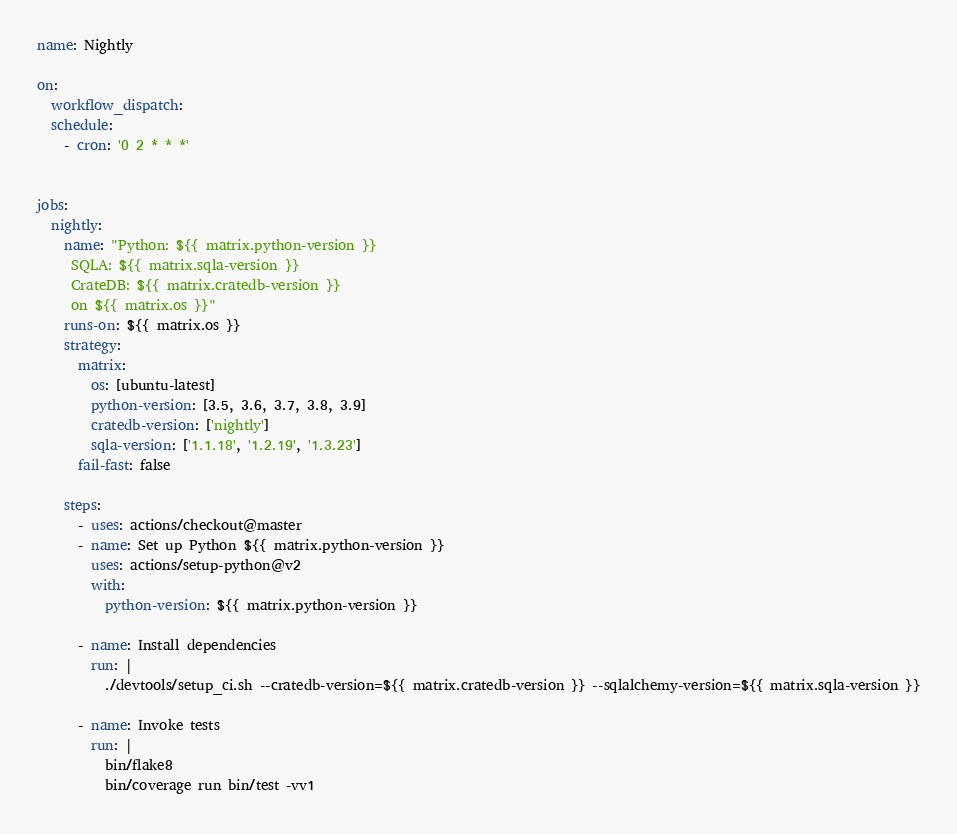<code> <loc_0><loc_0><loc_500><loc_500><_YAML_>name: Nightly

on:
  workflow_dispatch:
  schedule:
    - cron: '0 2 * * *'


jobs:
  nightly:
    name: "Python: ${{ matrix.python-version }}
     SQLA: ${{ matrix.sqla-version }}
     CrateDB: ${{ matrix.cratedb-version }}
     on ${{ matrix.os }}"
    runs-on: ${{ matrix.os }}
    strategy:
      matrix:
        os: [ubuntu-latest]
        python-version: [3.5, 3.6, 3.7, 3.8, 3.9]
        cratedb-version: ['nightly']
        sqla-version: ['1.1.18', '1.2.19', '1.3.23']
      fail-fast: false

    steps:
      - uses: actions/checkout@master
      - name: Set up Python ${{ matrix.python-version }}
        uses: actions/setup-python@v2
        with:
          python-version: ${{ matrix.python-version }}

      - name: Install dependencies
        run: |
          ./devtools/setup_ci.sh --cratedb-version=${{ matrix.cratedb-version }} --sqlalchemy-version=${{ matrix.sqla-version }}

      - name: Invoke tests
        run: |
          bin/flake8
          bin/coverage run bin/test -vv1
</code> 
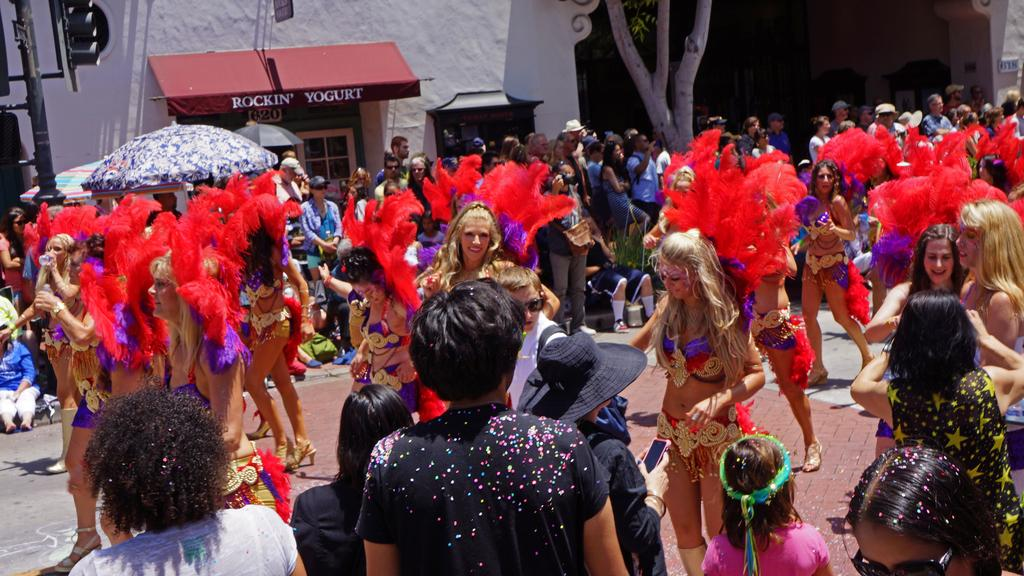What is the main subject of the image? The main subject of the image is a group of women. What are the women wearing in the image? The women are wearing different costumes in the image. What are the women doing in the image? The women are dancing in the image. Are there any other people present in the image? Yes, there are people standing around the group of women. What can be seen in the background of the image? There are houses and trees in the background of the image. Where is the nest located in the image? There is no nest present in the image. What type of advertisement can be seen on the costumes of the women? There is no advertisement visible on the costumes of the women in the image. 
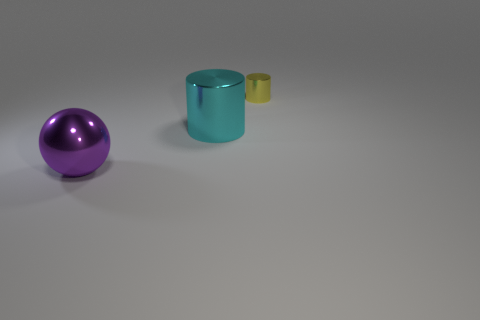Add 1 tiny yellow cylinders. How many objects exist? 4 Subtract all cyan cylinders. How many cylinders are left? 1 Subtract all balls. How many objects are left? 2 Add 1 small things. How many small things are left? 2 Add 3 big balls. How many big balls exist? 4 Subtract 0 blue cylinders. How many objects are left? 3 Subtract 1 cylinders. How many cylinders are left? 1 Subtract all purple cylinders. Subtract all gray cubes. How many cylinders are left? 2 Subtract all yellow spheres. How many red cylinders are left? 0 Subtract all small metal spheres. Subtract all yellow objects. How many objects are left? 2 
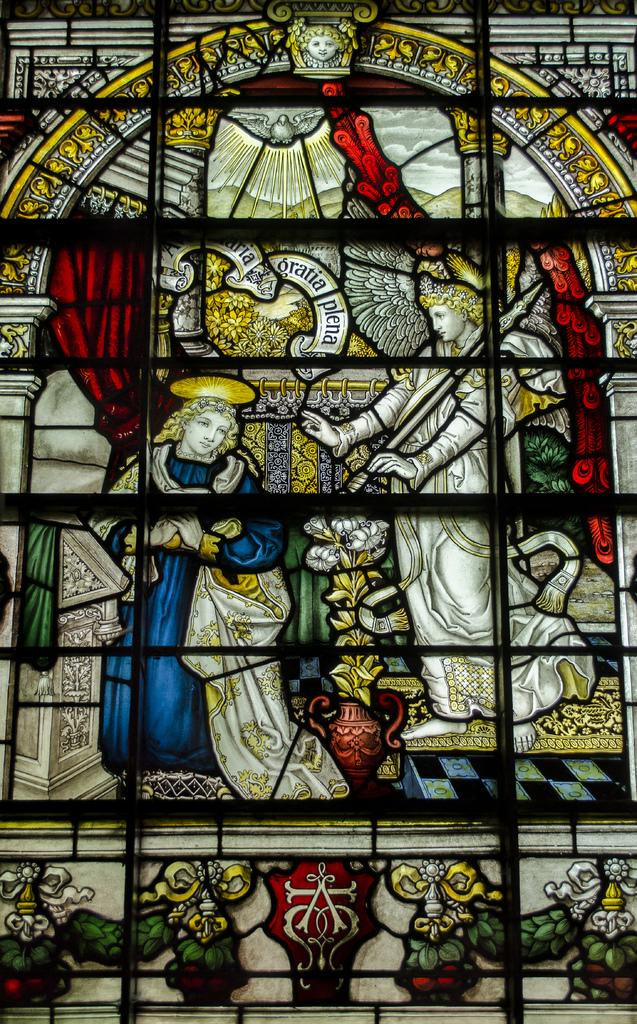What is the main subject of the image? There is a depiction of persons in the center of the image. What type of produce is being harvested by the persons in the image? There is no produce present in the image; it only depicts persons. What role does the stem play in the image? There is no stem present in the image. 
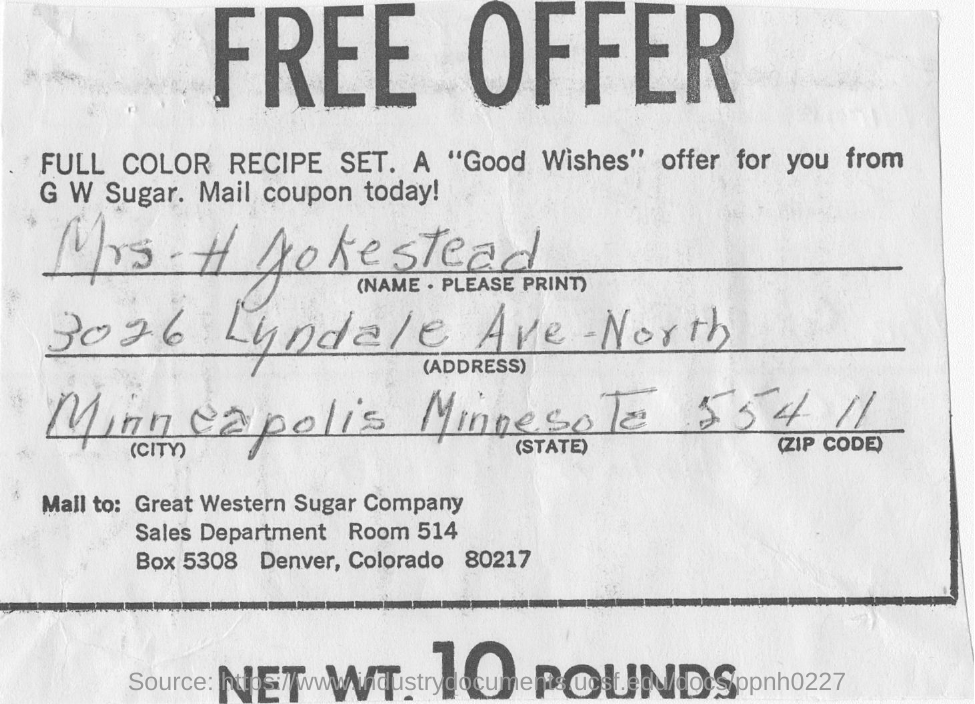Heading of the document
Your answer should be very brief. FREE OFFER. Great western sugar company sales department room number is
Keep it short and to the point. Room 514. In which city does the person who fllled the form reside?
Your response must be concise. Minneapolis.

-------------------------

Work request >> Transcribe the listing in full. Omit the pictures and keep every line exact.

Result of this task >>
<code> <loc_0><loc_0><loc_500><loc_500><_YAML_>name: Nightly

on:
  workflow_dispatch:
  schedule:
    - cron: '0 2 * * *'


jobs:
  nightly:
    name: "Python: ${{ matrix.python-version }}
     SQLA: ${{ matrix.sqla-version }}
     CrateDB: ${{ matrix.cratedb-version }}
     on ${{ matrix.os }}"
    runs-on: ${{ matrix.os }}
    strategy:
      matrix:
        os: [ubuntu-latest]
        python-version: [3.5, 3.6, 3.7, 3.8, 3.9]
        cratedb-version: ['nightly']
        sqla-version: ['1.1.18', '1.2.19', '1.3.23']
      fail-fast: false

    steps:
      - uses: actions/checkout@master
      - name: Set up Python ${{ matrix.python-version }}
        uses: actions/setup-python@v2
        with:
          python-version: ${{ matrix.python-version }}

      - name: Install dependencies
        run: |
          ./devtools/setup_ci.sh --cratedb-version=${{ matrix.cratedb-version }} --sqlalchemy-version=${{ matrix.sqla-version }}

      - name: Invoke tests
        run: |
          bin/flake8
          bin/coverage run bin/test -vv1
</code> 
What is the main subject of the image? The main subject of the image is a group of women. What are the women wearing in the image? The women are wearing different costumes in the image. What are the women doing in the image? The women are dancing in the image. Are there any other people present in the image? Yes, there are people standing around the group of women. What can be seen in the background of the image? There are houses and trees in the background of the image. Where is the nest located in the image? There is no nest present in the image. What type of advertisement can be seen on the costumes of the women? There is no advertisement visible on the costumes of the women in the image. 
Add 1 tiny yellow cylinders. How many objects exist? 4 Subtract all cyan cylinders. How many cylinders are left? 1 Subtract all balls. How many objects are left? 2 Add 1 small things. How many small things are left? 2 Add 3 big balls. How many big balls exist? 4 Subtract 0 blue cylinders. How many objects are left? 3 Subtract 1 cylinders. How many cylinders are left? 1 Subtract all purple cylinders. Subtract all gray cubes. How many cylinders are left? 2 Subtract all yellow spheres. How many red cylinders are left? 0 Subtract all small metal spheres. Subtract all yellow objects. How many objects are left? 2 
What is the main subject of the image? There is a depiction of persons in the center of the image. What type of produce is being harvested by the persons in the image? There is no produce present in the image; it only depicts persons. What role does the stem play in the image? There is no stem present in the image. 
Heading of the document
Your answer should be very brief. FREE OFFER. Great western sugar company sales department room number is
Keep it short and to the point. Room 514. In which city does the person who fllled the form reside?
Your response must be concise. Minneapolis.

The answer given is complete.